%%
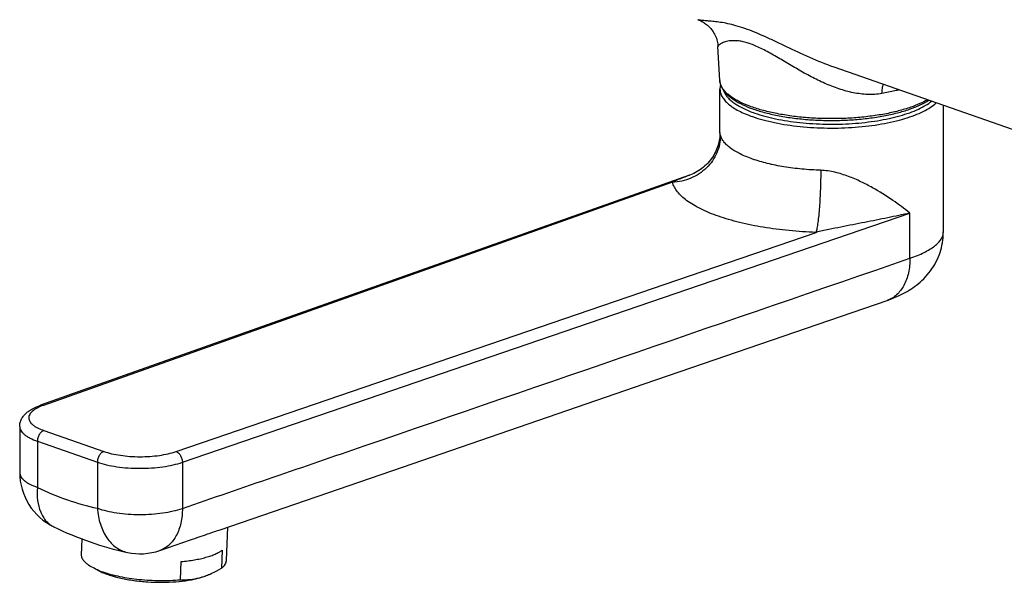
# Model space of a CAD drawing. Header units: millimetres. Extents: x 117 to 705, y 109 to 530.
# Tile 1 of 7: x 130 to 293, y 113 to 206. Entities that reach past the tile are written whole.
import ezdxf

# ---------------------------------------------------------------- set-up
doc = ezdxf.new("R2010")
doc.units = ezdxf.units.MM
doc.header["$LTSCALE"] = 46.255
doc.layers.get('0').update_dxf_attribs({"linetype": 'CONTINUOUS'})

msp = doc.modelspace()

# ---------------------------------------------------------------- linework, layer by layer
at = {"color": 7, "linetype": 'CONTINUOUS'}
for p, q in [((245.96, 195.84), (245.65, 201.47)), ((317.24, 179.78), (264.88, 198.03)), ((245.99, 187.19), (245.99, 194.4)), ((282.99, 170.74), (282.99, 191.72)), ((240.95, 180.16), (133.45, 142.03)), ((233.59, 145.62), (273.7, 159.41)), ((193.4, 131.8), (233.59, 145.62)), ((130.02, 138.54), (130.02, 130.91)), ((163.24, 121.43), (193.4, 131.8)), ((164.25, 116.33), (164.47, 121.86)), ((140.27, 117.26), (140.37, 119.88)), ((153.2, 117.98), (158.28, 119.73)), ((163.54, 118.04), (163.42, 115.03)), ((156.65, 113.14), (156.77, 116.15)), ((142.34, 115.03), (143.34, 114.53))]:
    msp.add_line(p, q, dxfattribs=at)
at = {"color": 9, "linetype": 'CONTINUOUS'}
for p, q in [((238.11, 178.97), (133.95, 142.02)), ((156.96, 132.59), (277.45, 173.86)), ((277.45, 166.38), (277.45, 173.86)), ((155.91, 134.37), (261.9, 170.68)), ((134.01, 137.85), (143.94, 134.39)), ((132.95, 136.08), (132.95, 128.44)), ((132.95, 136.08), (142.88, 132.61)), ((142.88, 132.61), (142.88, 124.98)), ((156.96, 132.59), (156.96, 124.96))]:
    msp.add_line(p, q, dxfattribs=at)
at = {"color": 7, "linetype": 'CONTINUOUS'}
for points in [[(242.32, 205.9), (242.39, 205.87), (242.54, 205.82), (242.69, 205.75), (242.83, 205.69), (242.99, 205.61), (243.14, 205.53), (243.29, 205.44), (243.44, 205.34), (243.59, 205.23), (243.74, 205.12), (243.9, 205), (244.04, 204.87), (244.19, 204.73), (244.33, 204.58), (244.48, 204.42), (244.61, 204.25), (244.74, 204.07), (244.87, 203.88), (244.99, 203.69), (245.1, 203.48), (245.21, 203.26), (245.3, 203.04), (245.39, 202.82), (245.46, 202.59), (245.52, 202.35), (245.57, 202.12), (245.61, 201.88), (245.64, 201.65), (245.65, 201.47)], [(245.99, 187.19), (245.98, 187.04), (245.98, 186.83), (245.96, 186.61), (245.94, 186.38), (245.91, 186.14), (245.86, 185.89), (245.81, 185.63), (245.75, 185.37), (245.67, 185.11), (245.59, 184.84), (245.49, 184.56), (245.37, 184.29), (245.25, 184.02), (245.11, 183.74), (244.95, 183.47), (244.79, 183.2), (244.6, 182.93), (244.41, 182.67), (244.2, 182.41), (243.98, 182.16), (243.75, 181.92), (243.51, 181.7), (243.26, 181.48), (243, 181.27), (242.74, 181.08), (242.47, 180.9), (242.2, 180.74), (241.92, 180.58), (241.64, 180.45), (241.37, 180.32), (241.09, 180.21), (240.95, 180.16)], [(273.7, 159.41), (274.1, 159.55), (274.51, 159.71), (274.91, 159.87), (275.29, 160.03), (275.66, 160.2), (276.01, 160.37), (276.35, 160.54), (276.68, 160.71), (277, 160.89), (277.31, 161.08), (277.61, 161.27), (277.92, 161.48), (278.22, 161.69), (278.52, 161.91), (278.83, 162.16), (279.13, 162.42), (279.44, 162.7), (279.74, 162.99), (280.03, 163.3), (280.32, 163.62), (280.59, 163.95), (280.86, 164.3), (281.1, 164.65), (281.34, 165.01), (281.56, 165.38), (281.76, 165.76), (281.95, 166.14), (282.13, 166.53), (282.28, 166.92), (282.43, 167.32), (282.55, 167.72), (282.66, 168.13), (282.76, 168.54), (282.84, 168.95), (282.9, 169.37), (282.94, 169.79), (282.97, 170.21), (282.98, 170.63), (282.99, 170.74)]]:
    msp.add_lwpolyline(points, dxfattribs=at)
at = {"color": 9, "linetype": 'CONTINUOUS'}
for centre, radius, start, end in [((281.06, 170.74), 1.92, 359.3391, 0.0003), ((131.23, 130.91), 1.22, 180.0002, 180.9079)]:
    msp.add_arc(centre, radius, start, end, dxfattribs=at)
at = {"color": 7, "linetype": 'CONTINUOUS'}
for centre, radius, start, end in [((140.02, 130.91), 10, 180, 244.2529), ((149.95, 127.44), 10, 257.8737, 288.9677), ((148.81, 128.84), 15.26, 249.1043, 250.7916), ((157, 124.35), 11.23, 284.5979, 285.5957), ((156.84, 124.91), 11.82, 285.6164, 290.4791), ((156.44, 126.02), 12.98, 290.4111, 291.9985)]:
    msp.add_arc(centre, radius, start, end, dxfattribs=at)
at = {"color": 9, "linetype": 'CONTINUOUS'}
for points, knots in [([(264.88, 198.03), (263.51, 198.51), (260.87, 199.59), (257.68, 201.1), (255.21, 202.28), (253.45, 203.1), (251.77, 203.82), (250.17, 204.43), (248.69, 204.9), (247.34, 205.24), (246.12, 205.46), (245.06, 205.6), (244.15, 205.68), (243.48, 205.73), (243.03, 205.77), (242.76, 205.8), (242.52, 205.84), (242.38, 205.88), (242.32, 205.9)], [0, 0, 0, 0, 0.180359, 0.355832, 0.440212, 0.521257, 0.597779, 0.668874, 0.733707, 0.791639, 0.842827, 0.887329, 0.925363, 0.956926, 0.970236, 0.981862, 0.991781, 1, 1, 1, 1]), ([(272.78, 193.67), (272.02, 193.53), (270.43, 193.44), (268.04, 193.75), (265.66, 194.41), (263.33, 195.33), (261.06, 196.44), (258.86, 197.67), (257.05, 198.75), (255.63, 199.59), (254.59, 200.2), (253.56, 200.76), (252.57, 201.26), (251.61, 201.69), (250.71, 202.02), (249.87, 202.26), (248.91, 202.42), (248.05, 202.45), (247.3, 202.34), (246.76, 202.21), (246.3, 202.03), (245.96, 201.82), (245.79, 201.69), (245.69, 201.59), (245.66, 201.52), (245.65, 201.49), (245.65, 201.47)], [0, 0, 0, 0, 0.079494, 0.161251, 0.245024, 0.330285, 0.416421, 0.502744, 0.588323, 0.630382, 0.671586, 0.71153, 0.749682, 0.785455, 0.818342, 0.847949, 0.8742, 0.917503, 0.935223, 0.950658, 0.975212, 0.984463, 0.991667, 0.996797, 0.998614, 1, 1, 1, 1]), ([(277.58, 191.4), (276.91, 191.17), (275.48, 190.74), (273.21, 190.24), (270.75, 189.87), (268.17, 189.61), (265.5, 189.5), (262.81, 189.51), (260.16, 189.66), (257.6, 189.95), (255.19, 190.36), (252.97, 190.88), (250.99, 191.51), (249.53, 192.13), (248.52, 192.68), (247.88, 193.09), (247.32, 193.52), (246.86, 193.96), (246.48, 194.42), (246.21, 194.88), (246.03, 195.36), (245.97, 195.68), (245.96, 195.84)], [0, 0, 0, 0, 0.062945, 0.131782, 0.205369, 0.282401, 0.361468, 0.441097, 0.519801, 0.596118, 0.668659, 0.736155, 0.79751, 0.851876, 0.876279, 0.898788, 0.919428, 0.938275, 0.955474, 0.971257, 0.985954, 1, 1, 1, 1]), ([(245.99, 194.4), (245.99, 194.18), (246.05, 193.74), (246.33, 193.1), (246.79, 192.49), (247.41, 191.89), (248.19, 191.32), (249.13, 190.78), (250.21, 190.28), (250.99, 189.98), (251.4, 189.84)], [0, 0, 0, 0, 0.085409, 0.176436, 0.277582, 0.391834, 0.520855, 0.665324, 0.825215, 1, 1, 1, 1]), ([(246.6, 194.17), (246.65, 193.99), (246.82, 193.62), (247.19, 193.11), (247.67, 192.6), (248.28, 192.12), (249, 191.66), (250.15, 191.04), (251.09, 190.66), (251.76, 190.43)], [0, 0, 0, 0, 0.08703, 0.182305, 0.287997, 0.405451, 0.535359, 0.677931, 1, 1, 1, 1]), ([(272.98, 195.21), (272.92, 194.97), (272.83, 194.46), (272.79, 193.94), (272.78, 193.67)], [0, 0, 0, 0, 0.474262, 1, 1, 1, 1]), ([(275.66, 194.28), (275.43, 194.22), (274.48, 193.99), (273.52, 193.79), (272.78, 193.67)], [0, 0, 0, 0, 0.241141, 1, 1, 1, 1]), ([(280.36, 192.64), (279.95, 192.4), (279.04, 191.95), (278.09, 191.58), (277.58, 191.4)], [0, 0, 0, 0, 0.471429, 1, 1, 1, 1]), ([(251.4, 189.84), (251.97, 189.64), (253.18, 189.27), (255.08, 188.83), (257.13, 188.46), (260.05, 188.1), (263.83, 187.89), (267.62, 188), (270.6, 188.29), (272.72, 188.6), (274.71, 189), (276.54, 189.48), (278.19, 190.04), (279.62, 190.66), (280.83, 191.34), (281.52, 191.86), (281.81, 192.13)], [0, 0, 0, 0, 0.057676, 0.120122, 0.186594, 0.256247, 0.40133, 0.547577, 0.618661, 0.687092, 0.751977, 0.812511, 0.868002, 0.917915, 0.961922, 1, 1, 1, 1]), ([(251.76, 190.43), (252.3, 190.24), (253.44, 189.89), (255.25, 189.46), (257.19, 189.11), (259.96, 188.76), (263.54, 188.54), (267.16, 188.62), (270.01, 188.88), (272.04, 189.15), (273.97, 189.51), (275.75, 189.95), (277.37, 190.46), (278.8, 191.04), (280.02, 191.67), (280.73, 192.15), (281.04, 192.4)], [0, 0, 0, 0, 0.057068, 0.118769, 0.184403, 0.253174, 0.396583, 0.541642, 0.612443, 0.680857, 0.746026, 0.807166, 0.863592, 0.914749, 0.960261, 1, 1, 1, 1]), ([(246.07, 186.74), (246.07, 186.25), (245.97, 185.25), (245.51, 183.82), (244.77, 182.49), (243.77, 181.32), (242.56, 180.34), (241.18, 179.6), (239.68, 179.12), (238.63, 178.99), (238.11, 178.97)], [0, 0, 0, 0, 0.120384, 0.242114, 0.365473, 0.490489, 0.616941, 0.744401, 0.872298, 1, 1, 1, 1]), ([(246.07, 186.74), (246.05, 186.83), (246.02, 186.95), (245.99, 187.1), (245.99, 187.16), (245.99, 187.19)], [0, 0, 0, 0, 0.603485, 0.825632, 1, 1, 1, 1]), ([(251.4, 182.81), (251.04, 182.93), (250.35, 183.2), (249.38, 183.63), (248.52, 184.1), (247.77, 184.58), (247.15, 185.09), (246.65, 185.62), (246.29, 186.16), (246.13, 186.55), (246.07, 186.74)], [0, 0, 0, 0, 0.168106, 0.323809, 0.466662, 0.596516, 0.713618, 0.818752, 0.913412, 1, 1, 1, 1]), ([(262.68, 180.95), (261.64, 180.99), (259.6, 181.12), (256.64, 181.49), (253.91, 182.04), (252.2, 182.53), (251.4, 182.81)], [0, 0, 0, 0, 0.272947, 0.53482, 0.779083, 1, 1, 1, 1]), ([(238.11, 178.97), (238.56, 179.2), (239.5, 179.63), (240.46, 179.99), (240.95, 180.16)], [0, 0, 0, 0, 0.495097, 1, 1, 1, 1]), ([(262.68, 180.95), (262.68, 179.92), (262.65, 178.38), (262.56, 176.34), (262.46, 174.88), (262.35, 173.54), (262.22, 172.38), (262.09, 171.55), (261.99, 171.01), (261.93, 170.78), (261.9, 170.68)], [0, 0, 0, 0, 0.298576, 0.449205, 0.59306, 0.724671, 0.839056, 0.93194, 0.969236, 1, 1, 1, 1]), ([(277.45, 173.86), (276.53, 174.59), (274.52, 176.08), (271.8, 177.8), (269.32, 179.1), (267.26, 179.99), (265.04, 180.68), (263.47, 180.92), (262.68, 180.95)], [0, 0, 0, 0, 0.212194, 0.451334, 0.580601, 0.71602, 0.856719, 1, 1, 1, 1]), ([(261.9, 170.68), (260.41, 170.73), (257.48, 170.91), (253.25, 171.45), (249.92, 172.12), (247.46, 172.78), (245.78, 173.31), (244.24, 173.89), (242.85, 174.52), (241.61, 175.18), (240.55, 175.88), (239.66, 176.61), (238.94, 177.37), (238.42, 178.15), (238.19, 178.7), (238.11, 178.97)], [0, 0, 0, 0, 0.170962, 0.334988, 0.487983, 0.559213, 0.626394, 0.689199, 0.747371, 0.800742, 0.849256, 0.893006, 0.932285, 0.96765, 1, 1, 1, 1]), ([(277.45, 173.86), (276.22, 173.6), (273.73, 173.07), (269.92, 172.31), (266.66, 171.68), (263.97, 171.14), (262.6, 170.84), (261.9, 170.68)], [0, 0, 0, 0, 0.237447, 0.481714, 0.734461, 0.865145, 1, 1, 1, 1]), ([(277.45, 166.38), (277.87, 166.53), (278.66, 166.82), (279.76, 167.31), (280.71, 167.83), (281.51, 168.37), (282.15, 168.93), (282.62, 169.51), (282.91, 170.1), (282.98, 170.52), (282.99, 170.72)], [0, 0, 0, 0, 0.179022, 0.342286, 0.489047, 0.619072, 0.732846, 0.831913, 0.919318, 1, 1, 1, 1]), ([(156.96, 124.96), (167, 128.41), (207.17, 142.21), (247.33, 156.02), (277.45, 166.38)], [0, 0, 0, 0, 0.249993, 1, 1, 1, 1]), ([(277.45, 166.38), (277.45, 165.57), (277.31, 164.02), (276.68, 162.21), (275.93, 161.04), (275.28, 160.32), (274.53, 159.77), (273.98, 159.51), (273.7, 159.41)], [0, 0, 0, 0, 0.289985, 0.551177, 0.671079, 0.784688, 0.893603, 1, 1, 1, 1]), ([(133.95, 142.02), (133.6, 141.9), (133.1, 141.69), (132.5, 141.34), (132.15, 141.08), (131.87, 140.81), (131.67, 140.52), (131.54, 140.23), (131.5, 139.93), (131.55, 139.63), (131.68, 139.34), (131.89, 139.06), (132.18, 138.79), (132.54, 138.53), (133.14, 138.18), (133.65, 137.98), (134.01, 137.85)], [0, 0, 0, 0, 0.166441, 0.23829, 0.302447, 0.359278, 0.409645, 0.455072, 0.497828, 0.540712, 0.586499, 0.637393, 0.694852, 0.759688, 0.832229, 1, 1, 1, 1]), ([(133.95, 142.02), (133.87, 142.05), (133.7, 142.09), (133.53, 142.06), (133.45, 142.03)], [0, 0, 0, 0, 0.516107, 1, 1, 1, 1]), ([(130.02, 138.54), (130.02, 138.43), (130.05, 138.19), (130.2, 137.84), (130.45, 137.51), (130.79, 137.19), (131.21, 136.88), (131.92, 136.47), (132.52, 136.22), (132.95, 136.08)], [0, 0, 0, 0, 0.085427, 0.176475, 0.277642, 0.391919, 0.520968, 0.665469, 1, 1, 1, 1]), ([(134.01, 137.85), (133.86, 137.8), (133.56, 137.61), (133.23, 137.18), (133, 136.65), (132.95, 136.27), (132.95, 136.08)], [0, 0, 0, 0, 0.218525, 0.469506, 0.737411, 1, 1, 1, 1]), ([(143.94, 134.39), (143.79, 134.34), (143.5, 134.14), (143.16, 133.72), (142.94, 133.19), (142.88, 132.8), (142.88, 132.61)], [0, 0, 0, 0, 0.218525, 0.469506, 0.737411, 1, 1, 1, 1]), ([(143.94, 134.39), (144.36, 134.24), (145.27, 133.99), (146.72, 133.72), (148.28, 133.56), (149.92, 133.5), (151.55, 133.55), (153.12, 133.71), (154.58, 133.98), (155.49, 134.23), (155.91, 134.37)], [0, 0, 0, 0, 0.109716, 0.232087, 0.363353, 0.49924, 0.635228, 0.766794, 0.889649, 1, 1, 1, 1]), ([(155.91, 134.37), (156.06, 134.32), (156.35, 134.12), (156.68, 133.7), (156.9, 133.17), (156.96, 132.78), (156.96, 132.59)], [0, 0, 0, 0, 0.217778, 0.468663, 0.736926, 1, 1, 1, 1]), ([(142.88, 132.61), (143.37, 132.44), (144.44, 132.14), (146.14, 131.83), (147.99, 131.64), (149.91, 131.57), (151.83, 131.63), (153.68, 131.82), (155.39, 132.13), (156.46, 132.42), (156.96, 132.59)], [0, 0, 0, 0, 0.109716, 0.232088, 0.363353, 0.49924, 0.635228, 0.766794, 0.889648, 1, 1, 1, 1]), ([(130.02, 130.89), (130.02, 130.77), (130.06, 130.53), (130.21, 130.19), (130.46, 129.86), (130.8, 129.54), (131.22, 129.24), (131.93, 128.83), (132.52, 128.59), (132.95, 128.44)], [0, 0, 0, 0, 0.085392, 0.176604, 0.277999, 0.392459, 0.521585, 0.666026, 1, 1, 1, 1]), ([(132.95, 128.44), (132.89, 127.71), (132.9, 126.31), (133.31, 124.66), (133.87, 123.55), (134.37, 122.86), (134.98, 122.3), (135.43, 122.01), (135.67, 121.9)], [0, 0, 0, 0, 0.292552, 0.553907, 0.673341, 0.786285, 0.894426, 1, 1, 1, 1]), ([(132.95, 128.44), (134.56, 127.66), (137.81, 126.3), (141.2, 125.34), (142.88, 124.98)], [0, 0, 0, 0, 0.510327, 1, 1, 1, 1]), ([(142.88, 124.98), (143.37, 124.81), (144.44, 124.51), (146.14, 124.2), (147.99, 124), (149.91, 123.93), (151.83, 124), (153.68, 124.18), (155.39, 124.49), (156.46, 124.79), (156.96, 124.96)], [0, 0, 0, 0, 0.109716, 0.232088, 0.363353, 0.49924, 0.635228, 0.766794, 0.889648, 1, 1, 1, 1]), ([(142.88, 124.98), (142.95, 124.08), (143.26, 122.37), (144.15, 120.43), (145.13, 119.2), (145.95, 118.48), (146.86, 117.95), (147.52, 117.74), (147.85, 117.67)], [0, 0, 0, 0, 0.28627, 0.546963, 0.667481, 0.782081, 0.892237, 1, 1, 1, 1]), ([(156.96, 124.96), (156.96, 124.14), (156.81, 122.59), (156.19, 120.78), (155.44, 119.61), (154.78, 118.89), (154.04, 118.34), (153.49, 118.08), (153.2, 117.98)], [0, 0, 0, 0, 0.289979, 0.55117, 0.671074, 0.784684, 0.893601, 1, 1, 1, 1])]:
    msp.add_open_spline(points, degree=3, knots=knots, dxfattribs=at)
at = {"color": 7, "linetype": 'CONTINUOUS'}
for points, knots in [([(245.96, 195.84), (245.97, 195.66), (246.03, 195.28), (246.24, 194.74), (246.54, 194.22), (247.09, 193.54), (248.02, 192.76), (249.42, 191.94), (251.11, 191.21), (253.07, 190.58), (255.27, 190.06), (257.65, 189.65), (260.18, 189.37), (262.79, 189.21), (265.44, 189.19), (268.07, 189.31), (270.63, 189.56), (273.06, 189.93), (275.31, 190.42), (276.73, 190.84), (277.4, 191.08)], [0, 0, 0, 0, 0.016406, 0.033203, 0.050705, 0.069221, 0.110234, 0.157663, 0.211916, 0.272738, 0.339438, 0.411022, 0.486292, 0.56391, 0.642455, 0.720476, 0.79654, 0.86928, 0.937453, 1, 1, 1, 1]), ([(246.09, 195.15), (246.07, 195.09), (246.01, 194.84), (245.99, 194.59), (245.99, 194.4)], [0, 0, 0, 0, 0.252173, 1, 1, 1, 1]), ([(277.4, 191.08), (277.99, 191.28), (279.08, 191.71), (280.12, 192.27), (280.58, 192.56)], [0, 0, 0, 0, 0.531576, 1, 1, 1, 1]), ([(130.02, 138.54), (130.02, 138.75), (130.07, 139.18), (130.3, 139.77), (130.65, 140.3), (131.09, 140.75), (131.59, 141.13), (132.36, 141.6), (133.01, 141.87), (133.45, 142.03)], [0, 0, 0, 0, 0.122909, 0.243929, 0.362787, 0.481186, 0.601866, 0.727457, 1, 1, 1, 1]), ([(135.67, 121.9), (137.64, 120.95), (141.62, 119.29), (145.77, 118.11), (147.85, 117.67)], [0, 0, 0, 0, 0.506117, 1, 1, 1, 1]), ([(158.28, 119.73), (158.77, 119.9), (159.71, 120.23), (161.05, 120.7), (162.21, 121.09), (162.92, 121.32), (163.24, 121.43)], [0, 0, 0, 0, 0.300126, 0.572063, 0.807219, 1, 1, 1, 1]), ([(156.77, 116.15), (157.5, 116.22), (158.57, 116.35), (159.93, 116.61), (160.84, 116.84), (161.66, 117.09), (162.39, 117.38), (163.02, 117.68), (163.38, 117.92), (163.54, 118.04)], [0, 0, 0, 0, 0.310033, 0.452566, 0.585138, 0.706754, 0.81666, 0.914411, 1, 1, 1, 1]), ([(142.34, 115.03), (142.02, 115.19), (141.59, 115.43), (141.08, 115.82), (140.78, 116.1), (140.55, 116.38), (140.38, 116.67), (140.28, 116.97), (140.27, 117.17), (140.27, 117.26)], [0, 0, 0, 0, 0.328123, 0.470047, 0.597684, 0.712127, 0.815254, 0.909918, 1, 1, 1, 1]), ([(163.42, 115.03), (163.55, 115.12), (163.77, 115.32), (164.03, 115.64), (164.2, 115.98), (164.25, 116.21), (164.25, 116.33)], [0, 0, 0, 0, 0.294062, 0.552707, 0.783975, 1, 1, 1, 1]), ([(143.36, 114.58), (143.27, 114.62), (142.93, 114.76), (142.58, 114.91), (142.34, 115.03)], [0, 0, 0, 0, 0.262622, 1, 1, 1, 1]), ([(143.34, 114.53), (143.58, 114.41), (144.08, 114.19), (145.21, 113.78), (146.83, 113.36), (148.95, 112.99), (151.23, 112.76), (153.56, 112.69), (155.82, 112.78), (157.92, 113.02), (159.23, 113.29), (159.83, 113.46)], [0, 0, 0, 0, 0.046741, 0.098429, 0.214864, 0.344959, 0.483298, 0.623917, 0.760707, 0.887804, 1, 1, 1, 1]), ([(143.79, 114.43), (144.22, 114.28), (145.14, 114), (146.6, 113.66), (148.17, 113.39), (150.41, 113.11), (153.25, 112.96), (155.53, 113.04), (156.65, 113.14)], [0, 0, 0, 0, 0.10567, 0.221323, 0.344962, 0.474344, 0.740537, 1, 1, 1, 1]), ([(161.31, 113.98), (161.48, 114.05), (162.21, 114.36), (162.91, 114.73), (163.42, 115.03)], [0, 0, 0, 0, 0.244706, 1, 1, 1, 1]), ([(156.65, 113.14), (157.18, 113.12), (158.25, 113.16), (159.3, 113.35), (159.83, 113.48)], [0, 0, 0, 0, 0.49127, 1, 1, 1, 1]), ([(159.83, 113.46), (159.94, 113.49), (160.32, 113.6), (160.7, 113.73), (160.97, 113.84)], [0, 0, 0, 0, 0.264573, 1, 1, 1, 1])]:
    msp.add_open_spline(points, degree=3, knots=knots, dxfattribs=at)

doc.saveas('drawing.dxf')
%%
### [Assigned task]
Filter the records above for "centre" and copy every matching line.

### [Answer to this task]
for centre, radius, start, end in [((281.06, 170.74), 1.92, 359.3391, 0.0003), ((131.23, 130.91), 1.22, 180.0002, 180.9079)]:
    msp.add_arc(centre, radius, start, end, dxfattribs=at)
for centre, radius, start, end in [((140.02, 130.91), 10, 180, 244.2529), ((149.95, 127.44), 10, 257.8737, 288.9677), ((148.81, 128.84), 15.26, 249.1043, 250.7916), ((157, 124.35), 11.23, 284.5979, 285.5957), ((156.84, 124.91), 11.82, 285.6164, 290.4791), ((156.44, 126.02), 12.98, 290.4111, 291.9985)]:
    msp.add_arc(centre, radius, start, end, dxfattribs=at)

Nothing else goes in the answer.